What you need to do → Among the entries below, find the line with "text Vries, 17", then quote it and each following line up to and including the line with "text J.H. Kuiper [248, 1578, 1152, 1603]", and nothing else.

Data →
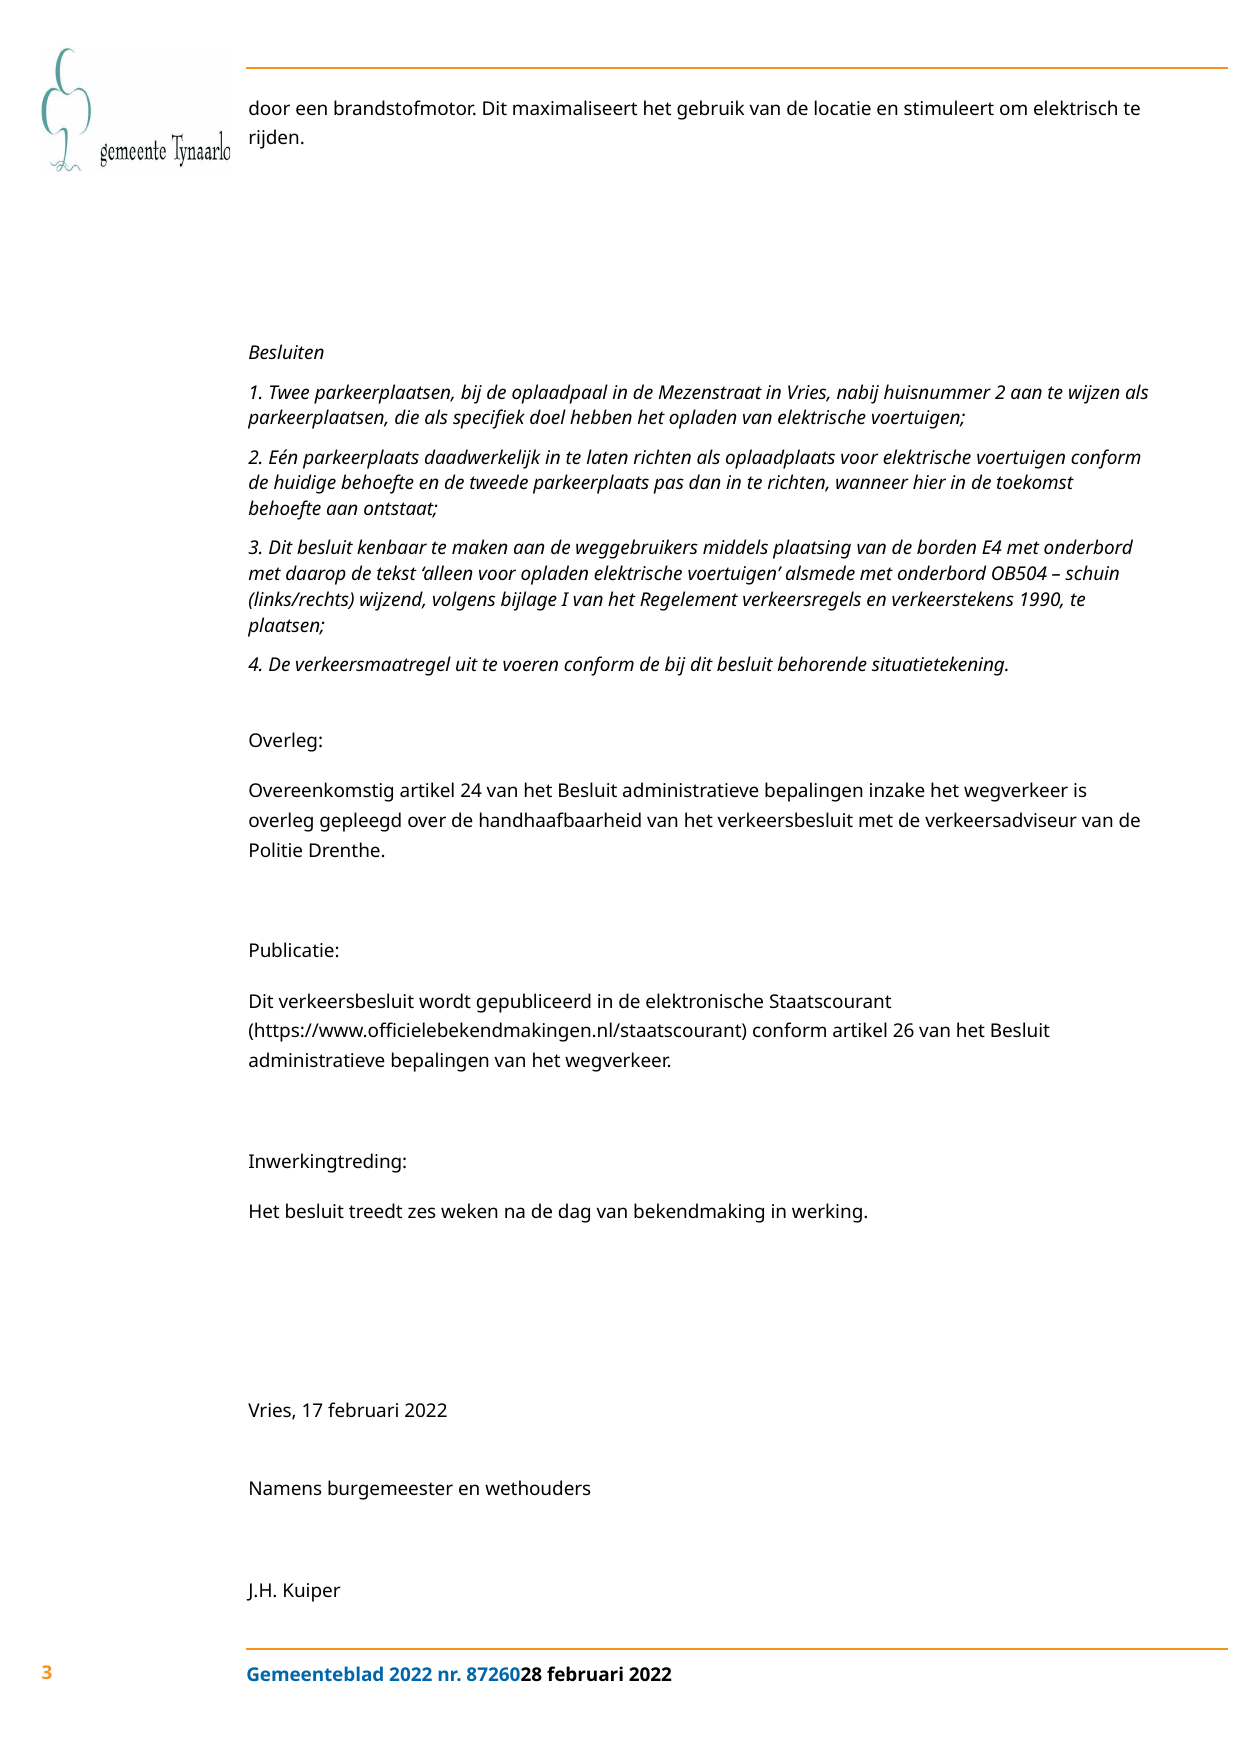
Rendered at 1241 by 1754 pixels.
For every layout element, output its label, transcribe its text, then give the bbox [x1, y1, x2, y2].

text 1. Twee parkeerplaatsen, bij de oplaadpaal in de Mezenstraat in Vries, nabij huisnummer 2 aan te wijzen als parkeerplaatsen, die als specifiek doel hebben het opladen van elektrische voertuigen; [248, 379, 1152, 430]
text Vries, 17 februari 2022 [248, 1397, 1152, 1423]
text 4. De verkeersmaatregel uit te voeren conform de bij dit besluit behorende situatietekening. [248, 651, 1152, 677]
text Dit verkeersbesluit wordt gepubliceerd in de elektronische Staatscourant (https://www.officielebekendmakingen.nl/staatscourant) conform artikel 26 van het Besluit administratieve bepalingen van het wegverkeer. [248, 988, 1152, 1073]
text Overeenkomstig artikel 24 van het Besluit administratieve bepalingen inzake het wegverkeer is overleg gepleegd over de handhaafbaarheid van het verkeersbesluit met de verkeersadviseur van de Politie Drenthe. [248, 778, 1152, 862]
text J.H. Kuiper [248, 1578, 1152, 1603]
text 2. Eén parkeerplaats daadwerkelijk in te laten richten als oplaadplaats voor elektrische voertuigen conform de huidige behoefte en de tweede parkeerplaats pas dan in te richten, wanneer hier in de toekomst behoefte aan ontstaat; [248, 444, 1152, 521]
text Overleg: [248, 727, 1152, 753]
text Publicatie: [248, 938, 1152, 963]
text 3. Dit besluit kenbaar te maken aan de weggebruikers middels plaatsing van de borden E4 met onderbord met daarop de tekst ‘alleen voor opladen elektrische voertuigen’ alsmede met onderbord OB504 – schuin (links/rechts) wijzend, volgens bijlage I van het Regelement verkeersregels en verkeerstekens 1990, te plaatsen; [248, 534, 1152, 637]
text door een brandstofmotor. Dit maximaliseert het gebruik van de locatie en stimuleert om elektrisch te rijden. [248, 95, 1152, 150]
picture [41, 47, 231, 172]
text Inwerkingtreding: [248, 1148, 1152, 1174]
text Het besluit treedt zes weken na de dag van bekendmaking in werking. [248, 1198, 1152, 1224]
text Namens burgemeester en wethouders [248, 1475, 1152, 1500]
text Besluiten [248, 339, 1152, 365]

Response for this exercise →
text Vries, 17 februari 2022 [248, 1397, 1152, 1423]
text 4. De verkeersmaatregel uit te voeren conform de bij dit besluit behorende situatietekening. [248, 651, 1152, 677]
text Dit verkeersbesluit wordt gepubliceerd in de elektronische Staatscourant (https://www.officielebekendmakingen.nl/staatscourant) conform artikel 26 van het Besluit administratieve bepalingen van het wegverkeer. [248, 988, 1152, 1073]
text Overeenkomstig artikel 24 van het Besluit administratieve bepalingen inzake het wegverkeer is overleg gepleegd over de handhaafbaarheid van het verkeersbesluit met de verkeersadviseur van de Politie Drenthe. [248, 778, 1152, 862]
text J.H. Kuiper [248, 1578, 1152, 1603]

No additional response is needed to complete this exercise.